Anti-inflammatory therapy with nebulised dornase alfa in patients with severe COVID-19 pneumonia A Randomised Clinical Trial

Joint Public Review:

In this study, Porter et al report on outcomes from a small, open-label, pilot randomized clinical trial comparing dornase-alfa to the best available care in patients hospitalized with COVID-19 pneumonia. As the number of randomized participants is small, investigators describe also a contemporary cohort of controls and the study concludes about a decrease of inflammation (reflected by CRP levels) after 7 days of treatment but no other statistically significant clinical benefit.

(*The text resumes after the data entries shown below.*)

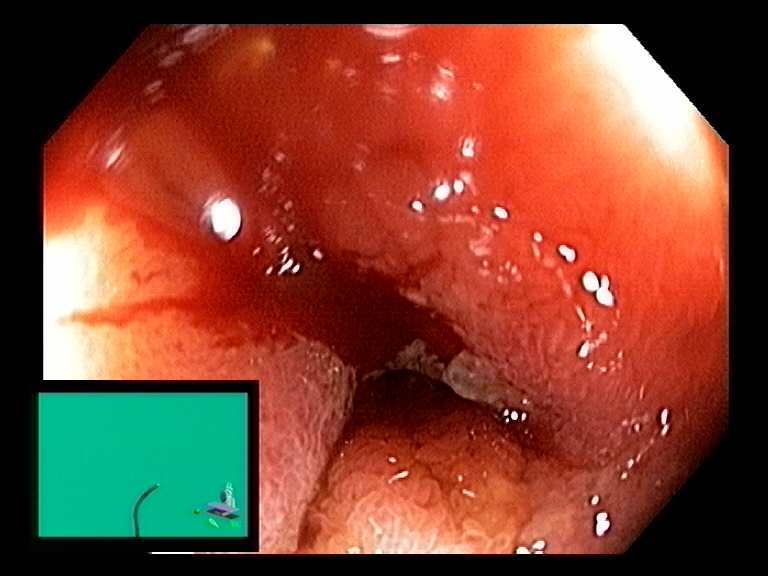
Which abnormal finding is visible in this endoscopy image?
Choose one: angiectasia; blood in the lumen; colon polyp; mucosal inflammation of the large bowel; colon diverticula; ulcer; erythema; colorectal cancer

blood in the lumen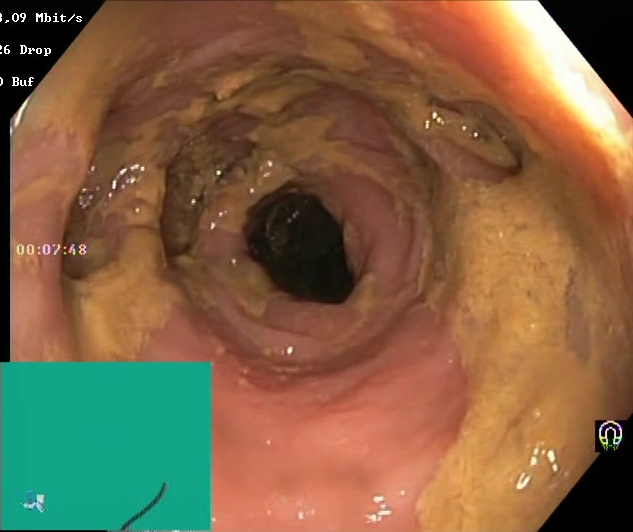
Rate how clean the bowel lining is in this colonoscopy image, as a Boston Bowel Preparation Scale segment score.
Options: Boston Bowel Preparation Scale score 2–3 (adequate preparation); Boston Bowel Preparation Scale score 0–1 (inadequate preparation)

Boston Bowel Preparation Scale score 0–1 (inadequate preparation)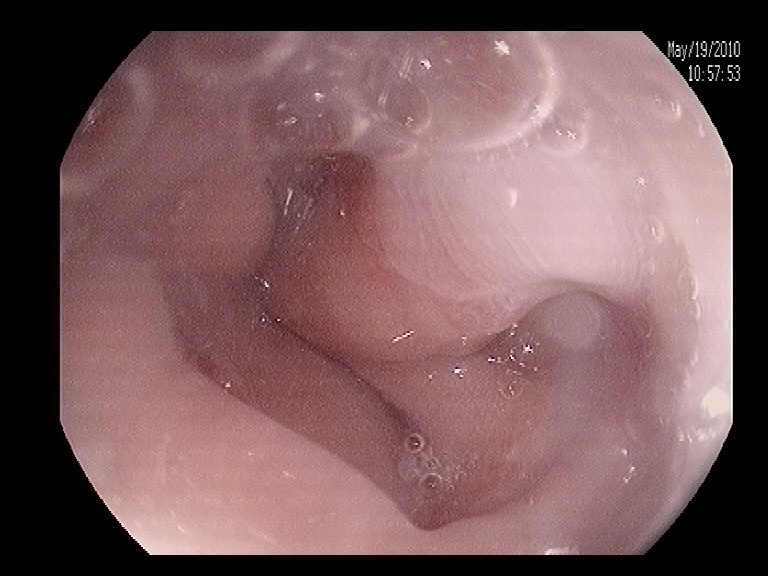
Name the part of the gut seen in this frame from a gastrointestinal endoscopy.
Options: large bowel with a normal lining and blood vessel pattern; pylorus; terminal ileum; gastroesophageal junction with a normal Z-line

gastroesophageal junction with a normal Z-line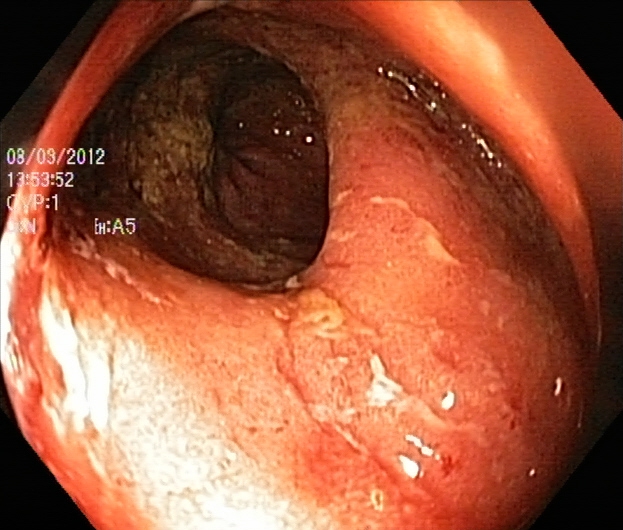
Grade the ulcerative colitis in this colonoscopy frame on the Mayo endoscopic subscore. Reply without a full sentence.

Suggestions to the authors:
• The RCT does not follow CONSORT statement and reporting guidelines
• The authors have chosen a primary outcome that cannot be at least considered as clinically relevant or interesting. After 3 years of the pandemic with so much research, why investigate if a drug reduces CRP levels as we already have marketed drugs that provide beneficial clinical outcomes such as dexamethasone, anakinra, tocilizumab and baricitinib.
• Please provide in Methods the timeframe for the investigation of the primary endpoint
• Why day 35 was chosen for the read-out of the endpoint?
• The authors performed an RCT but in parallel chose to compare also controls. They should explain their rationale as this is not usual. I am not very enthusiastic to see mixed results like Figures 2c and 2d.
• Analysis is performed in mITT; this is a major limitation. The authors should provide at least ITT results. And they should describe in the main manuscript why they chose mITT analysis.
• It is also not usual to exclude patients from analysis because investigators just do not have serial measurements. This is lost to follow up and investigators should have pre-decided what to do with lost-to-follow-up.
• In Table 1 I would like to see all randomized patients (n=39), which is missing. There are also baseline characteristics that are missing, like which other treatments as BAT received by those patients except for dexamethasone.
• In the first paragraph of clinical outcomes, the authors refer to a cohort that is not previously introduced in the manuscript. This is confusing. And I do not understand why this analysis is performed in the context of this RCT although I understand its pilot nature.
• Propensity-score selected contemporary controls may introduce bias in favor of the primary study analysis, since controls are already adjusted for age, sex and comorbidities.
• The authors do not clearly present numerically survivors and non-survivors at day 34, even though this is one of the main secondary outcomes.
• It is unclear why another cohort (Berlin) was used to associate CRP with mortality. CRP association with mortality should (also) be performed within the current study.